Саша вдруг оживился, его грубоватое лицо озарилось внутренним светом, похорошело.
— Я когда писал последнюю картину, — продолжал он, — так, веришь, в каждом штрихе, в каждом мазке как бы чувствовал свист шашки, рассекающей воздух. — Бывший кавалерист вскочил, сделал несколько энергичных взмахов рукой, будто рубя невидимого противника. — Огненная линия — вправо, голубая — влево, красная — удар! Торжество! упоение боем! Понимаешь, Марк, Греков это выражает примитивным перенесением на холст живой плоти, но это уже не действует на подсознание, в этом нет элемента классовости. И Верещагин мог бы написать точно так же. Вот в чем загвоздка! Партия ставит перед нами задачу догнать и перегнать капиталистические страны по уровню производства, а это возможно только при помощи высочайшего темпа. Марш в живописи — вот что от нас требуется. Как у Маяковского. Не вальсы и полонезы, которые есть топтание на одном месте, а именно марш! Я это ужасно как чувствую!
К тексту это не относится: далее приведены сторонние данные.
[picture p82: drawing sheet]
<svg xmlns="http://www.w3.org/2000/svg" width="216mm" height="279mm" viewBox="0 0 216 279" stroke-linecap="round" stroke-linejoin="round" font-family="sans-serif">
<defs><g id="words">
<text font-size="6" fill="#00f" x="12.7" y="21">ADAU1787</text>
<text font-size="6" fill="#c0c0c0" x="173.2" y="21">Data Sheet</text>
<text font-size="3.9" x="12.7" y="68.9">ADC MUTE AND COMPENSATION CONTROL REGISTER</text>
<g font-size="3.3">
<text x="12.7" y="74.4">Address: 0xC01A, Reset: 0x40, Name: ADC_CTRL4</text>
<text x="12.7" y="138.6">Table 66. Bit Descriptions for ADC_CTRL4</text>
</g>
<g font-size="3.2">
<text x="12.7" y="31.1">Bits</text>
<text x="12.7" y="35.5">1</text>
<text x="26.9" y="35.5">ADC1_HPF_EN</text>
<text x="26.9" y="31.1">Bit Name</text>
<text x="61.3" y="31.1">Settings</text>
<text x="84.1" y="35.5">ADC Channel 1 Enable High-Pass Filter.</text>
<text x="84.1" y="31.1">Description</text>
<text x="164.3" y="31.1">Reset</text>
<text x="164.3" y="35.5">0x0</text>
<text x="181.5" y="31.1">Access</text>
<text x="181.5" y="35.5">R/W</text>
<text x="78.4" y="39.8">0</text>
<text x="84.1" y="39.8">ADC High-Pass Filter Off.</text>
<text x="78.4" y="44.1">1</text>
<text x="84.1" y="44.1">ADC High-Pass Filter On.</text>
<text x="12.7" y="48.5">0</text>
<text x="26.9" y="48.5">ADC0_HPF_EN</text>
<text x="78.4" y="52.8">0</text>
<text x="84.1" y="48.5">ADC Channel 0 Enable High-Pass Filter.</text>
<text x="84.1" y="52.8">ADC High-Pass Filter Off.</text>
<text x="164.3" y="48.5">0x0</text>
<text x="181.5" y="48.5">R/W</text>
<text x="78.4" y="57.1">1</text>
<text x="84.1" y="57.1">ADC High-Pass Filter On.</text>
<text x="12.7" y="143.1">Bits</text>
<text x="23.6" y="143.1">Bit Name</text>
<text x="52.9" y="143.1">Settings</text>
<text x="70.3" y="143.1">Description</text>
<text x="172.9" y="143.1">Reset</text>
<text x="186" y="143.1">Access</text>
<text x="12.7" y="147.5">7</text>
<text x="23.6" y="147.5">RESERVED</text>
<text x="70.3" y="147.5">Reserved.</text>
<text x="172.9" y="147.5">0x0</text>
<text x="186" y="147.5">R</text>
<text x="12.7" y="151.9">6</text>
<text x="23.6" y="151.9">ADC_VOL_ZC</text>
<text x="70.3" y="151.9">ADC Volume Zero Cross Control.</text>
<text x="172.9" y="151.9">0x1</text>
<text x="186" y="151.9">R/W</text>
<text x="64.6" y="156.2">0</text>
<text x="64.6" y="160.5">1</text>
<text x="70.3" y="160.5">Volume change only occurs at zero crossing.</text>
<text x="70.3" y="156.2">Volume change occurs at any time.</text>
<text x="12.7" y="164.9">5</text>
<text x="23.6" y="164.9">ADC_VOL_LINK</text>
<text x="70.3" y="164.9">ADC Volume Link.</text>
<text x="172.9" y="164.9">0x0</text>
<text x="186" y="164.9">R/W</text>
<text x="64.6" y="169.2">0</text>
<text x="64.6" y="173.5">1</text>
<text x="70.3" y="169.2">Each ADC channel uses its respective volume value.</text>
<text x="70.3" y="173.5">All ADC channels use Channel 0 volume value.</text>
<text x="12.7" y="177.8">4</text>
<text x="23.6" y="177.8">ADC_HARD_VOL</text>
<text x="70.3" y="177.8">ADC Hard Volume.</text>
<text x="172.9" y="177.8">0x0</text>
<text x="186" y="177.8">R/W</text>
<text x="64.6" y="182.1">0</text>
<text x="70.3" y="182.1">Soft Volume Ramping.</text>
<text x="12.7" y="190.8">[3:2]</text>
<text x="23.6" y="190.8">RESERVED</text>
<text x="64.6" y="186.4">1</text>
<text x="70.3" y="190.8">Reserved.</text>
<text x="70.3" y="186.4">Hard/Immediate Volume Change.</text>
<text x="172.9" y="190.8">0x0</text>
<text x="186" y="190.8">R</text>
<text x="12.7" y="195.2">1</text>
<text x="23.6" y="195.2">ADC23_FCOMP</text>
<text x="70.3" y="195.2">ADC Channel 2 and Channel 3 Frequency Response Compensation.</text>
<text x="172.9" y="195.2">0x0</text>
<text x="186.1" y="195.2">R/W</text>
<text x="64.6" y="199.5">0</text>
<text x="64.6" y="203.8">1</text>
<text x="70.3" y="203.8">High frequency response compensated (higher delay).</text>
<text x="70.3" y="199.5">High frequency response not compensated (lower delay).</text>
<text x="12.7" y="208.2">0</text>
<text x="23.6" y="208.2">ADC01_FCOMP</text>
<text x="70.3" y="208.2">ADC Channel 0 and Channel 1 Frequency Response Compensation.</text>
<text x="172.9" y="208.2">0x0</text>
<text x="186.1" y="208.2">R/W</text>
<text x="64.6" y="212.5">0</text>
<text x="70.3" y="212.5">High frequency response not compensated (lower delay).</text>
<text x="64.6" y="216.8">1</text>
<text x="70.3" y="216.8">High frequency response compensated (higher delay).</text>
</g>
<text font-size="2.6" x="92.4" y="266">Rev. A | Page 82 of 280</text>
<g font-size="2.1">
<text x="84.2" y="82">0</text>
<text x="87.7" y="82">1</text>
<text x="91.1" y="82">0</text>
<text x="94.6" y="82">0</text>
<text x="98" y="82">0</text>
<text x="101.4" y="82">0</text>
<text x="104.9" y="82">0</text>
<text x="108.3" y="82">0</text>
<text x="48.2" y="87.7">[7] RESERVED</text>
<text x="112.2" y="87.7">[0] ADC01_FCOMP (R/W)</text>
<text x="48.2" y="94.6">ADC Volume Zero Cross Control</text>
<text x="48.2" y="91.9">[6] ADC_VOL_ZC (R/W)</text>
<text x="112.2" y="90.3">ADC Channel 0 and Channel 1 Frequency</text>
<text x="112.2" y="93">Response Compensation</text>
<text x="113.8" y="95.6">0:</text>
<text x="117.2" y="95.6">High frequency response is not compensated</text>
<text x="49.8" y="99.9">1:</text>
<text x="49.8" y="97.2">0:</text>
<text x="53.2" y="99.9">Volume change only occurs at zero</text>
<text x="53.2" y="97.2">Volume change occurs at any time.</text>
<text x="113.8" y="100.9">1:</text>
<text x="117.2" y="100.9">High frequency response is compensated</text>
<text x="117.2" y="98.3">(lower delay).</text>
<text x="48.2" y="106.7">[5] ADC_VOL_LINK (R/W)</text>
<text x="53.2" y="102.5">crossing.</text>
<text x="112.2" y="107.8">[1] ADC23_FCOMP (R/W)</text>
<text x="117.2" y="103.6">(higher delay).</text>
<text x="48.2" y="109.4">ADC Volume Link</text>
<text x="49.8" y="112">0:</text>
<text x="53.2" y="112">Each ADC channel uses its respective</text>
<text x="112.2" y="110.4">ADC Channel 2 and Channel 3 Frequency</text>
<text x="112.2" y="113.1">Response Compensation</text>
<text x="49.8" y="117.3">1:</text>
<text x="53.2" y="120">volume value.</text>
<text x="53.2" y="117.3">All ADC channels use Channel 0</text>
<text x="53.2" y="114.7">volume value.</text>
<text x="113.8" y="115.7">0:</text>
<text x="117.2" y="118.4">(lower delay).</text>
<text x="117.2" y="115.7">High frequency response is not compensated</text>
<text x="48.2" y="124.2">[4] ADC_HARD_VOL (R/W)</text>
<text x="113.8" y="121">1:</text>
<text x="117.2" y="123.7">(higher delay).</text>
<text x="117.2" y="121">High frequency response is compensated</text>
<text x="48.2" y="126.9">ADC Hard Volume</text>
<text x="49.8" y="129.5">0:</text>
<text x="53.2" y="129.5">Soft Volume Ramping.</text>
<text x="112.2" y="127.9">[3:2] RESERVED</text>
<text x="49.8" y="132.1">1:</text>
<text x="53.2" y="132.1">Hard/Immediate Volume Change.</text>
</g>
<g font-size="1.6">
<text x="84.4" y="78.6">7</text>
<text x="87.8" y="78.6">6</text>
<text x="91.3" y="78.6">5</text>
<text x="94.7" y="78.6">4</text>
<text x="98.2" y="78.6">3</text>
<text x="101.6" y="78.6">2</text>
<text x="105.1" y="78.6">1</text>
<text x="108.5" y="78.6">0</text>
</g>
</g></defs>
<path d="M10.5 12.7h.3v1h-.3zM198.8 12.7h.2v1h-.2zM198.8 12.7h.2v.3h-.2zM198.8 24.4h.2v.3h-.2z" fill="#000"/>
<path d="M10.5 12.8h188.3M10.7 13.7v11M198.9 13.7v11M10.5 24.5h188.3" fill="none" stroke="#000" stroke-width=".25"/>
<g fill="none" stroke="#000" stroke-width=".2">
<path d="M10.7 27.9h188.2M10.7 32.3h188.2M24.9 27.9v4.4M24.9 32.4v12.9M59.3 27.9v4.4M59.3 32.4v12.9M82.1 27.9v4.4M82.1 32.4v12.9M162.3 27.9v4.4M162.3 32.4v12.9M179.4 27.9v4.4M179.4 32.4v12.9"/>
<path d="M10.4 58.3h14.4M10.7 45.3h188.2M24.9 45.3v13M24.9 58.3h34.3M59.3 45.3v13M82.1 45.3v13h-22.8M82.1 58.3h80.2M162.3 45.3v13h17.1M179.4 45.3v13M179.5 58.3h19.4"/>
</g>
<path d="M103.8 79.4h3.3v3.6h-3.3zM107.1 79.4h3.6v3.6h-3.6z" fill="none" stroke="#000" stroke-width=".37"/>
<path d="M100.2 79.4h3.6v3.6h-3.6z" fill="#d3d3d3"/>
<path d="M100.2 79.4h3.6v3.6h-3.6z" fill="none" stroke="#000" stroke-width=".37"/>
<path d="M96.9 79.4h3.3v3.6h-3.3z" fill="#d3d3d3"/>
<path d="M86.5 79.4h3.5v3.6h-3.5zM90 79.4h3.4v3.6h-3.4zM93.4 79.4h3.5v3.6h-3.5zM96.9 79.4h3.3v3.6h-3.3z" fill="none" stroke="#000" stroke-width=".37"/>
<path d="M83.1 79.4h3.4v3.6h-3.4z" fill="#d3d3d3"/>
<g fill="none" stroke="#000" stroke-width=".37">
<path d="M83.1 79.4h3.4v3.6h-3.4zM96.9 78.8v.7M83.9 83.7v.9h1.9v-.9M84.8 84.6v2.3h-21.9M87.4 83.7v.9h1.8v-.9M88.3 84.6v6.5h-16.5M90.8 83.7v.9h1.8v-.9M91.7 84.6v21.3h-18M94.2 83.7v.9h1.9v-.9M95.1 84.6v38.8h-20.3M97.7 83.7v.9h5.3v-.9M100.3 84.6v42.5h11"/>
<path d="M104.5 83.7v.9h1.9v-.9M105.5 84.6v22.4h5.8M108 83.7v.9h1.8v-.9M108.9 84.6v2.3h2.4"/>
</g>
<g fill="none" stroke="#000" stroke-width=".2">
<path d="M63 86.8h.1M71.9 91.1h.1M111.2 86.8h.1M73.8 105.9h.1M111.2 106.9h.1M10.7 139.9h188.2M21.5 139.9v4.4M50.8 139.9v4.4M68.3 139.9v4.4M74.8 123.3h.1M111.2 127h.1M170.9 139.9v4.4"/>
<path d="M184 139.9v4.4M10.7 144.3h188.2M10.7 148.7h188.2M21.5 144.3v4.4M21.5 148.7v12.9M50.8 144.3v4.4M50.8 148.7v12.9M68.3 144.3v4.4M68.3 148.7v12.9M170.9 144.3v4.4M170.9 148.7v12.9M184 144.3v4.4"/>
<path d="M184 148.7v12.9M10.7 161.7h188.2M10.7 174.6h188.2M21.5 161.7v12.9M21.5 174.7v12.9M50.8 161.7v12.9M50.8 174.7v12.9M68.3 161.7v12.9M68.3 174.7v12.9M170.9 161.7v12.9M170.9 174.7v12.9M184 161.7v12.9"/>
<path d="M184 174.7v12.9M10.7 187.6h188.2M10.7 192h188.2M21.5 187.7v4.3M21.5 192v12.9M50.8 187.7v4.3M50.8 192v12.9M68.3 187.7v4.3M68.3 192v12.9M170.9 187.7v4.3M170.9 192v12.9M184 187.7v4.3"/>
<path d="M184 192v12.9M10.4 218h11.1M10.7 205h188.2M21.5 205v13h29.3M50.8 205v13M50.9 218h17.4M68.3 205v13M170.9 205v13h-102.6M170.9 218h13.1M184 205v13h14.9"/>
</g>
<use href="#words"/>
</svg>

— Да-да, ты прав! — подхватил Марк. — Я не служил в армии, но и я это тоже чувствую. А если чувствую я, то настоящий пролетарий — и говорить нечего! Я уверен, что мы вообще должны исключить натурализм из своей живописи. Даже намека чтобы не было. Оторваться от реальности, подняться над серой действительностью, в голубое сияние, озаренное пламенем прошедших и грядущих битв и пожаров, а понизу — нечто темное, мрачное, изломанное, вырванное из повседневности и как бы уносимое ветрами истории в небытие! Я уже вижу эту картину! Это примерно два с половиной на четыре. И к черту квадрат! Это должна быть трапеция с непараллельными краями. Ты представляешь себе, Сашка? Мы сделаем эту картину к следующей выставке, и это будет как удар грома! Пусть тогда скажут, что это не революционно, что это не пролетарское искусство, что оно идет вразрез с партийностью, вразрез с марксизмом! Может, сейчас и начнем? А? Вот этот подрамник несколько переделаем… Впрочем, можно переделать и потом. Сейчас главное — не подрамник, а то, что бродит во мне… в нас с тобой!
— А как же с Поликарпычем? — съехидничал Саша.
— Да пусть его! Ты же сам сказал, что… во-первых, во-вторых, в-третьих… Если делать, так без всяких оговорок, по-большевистски.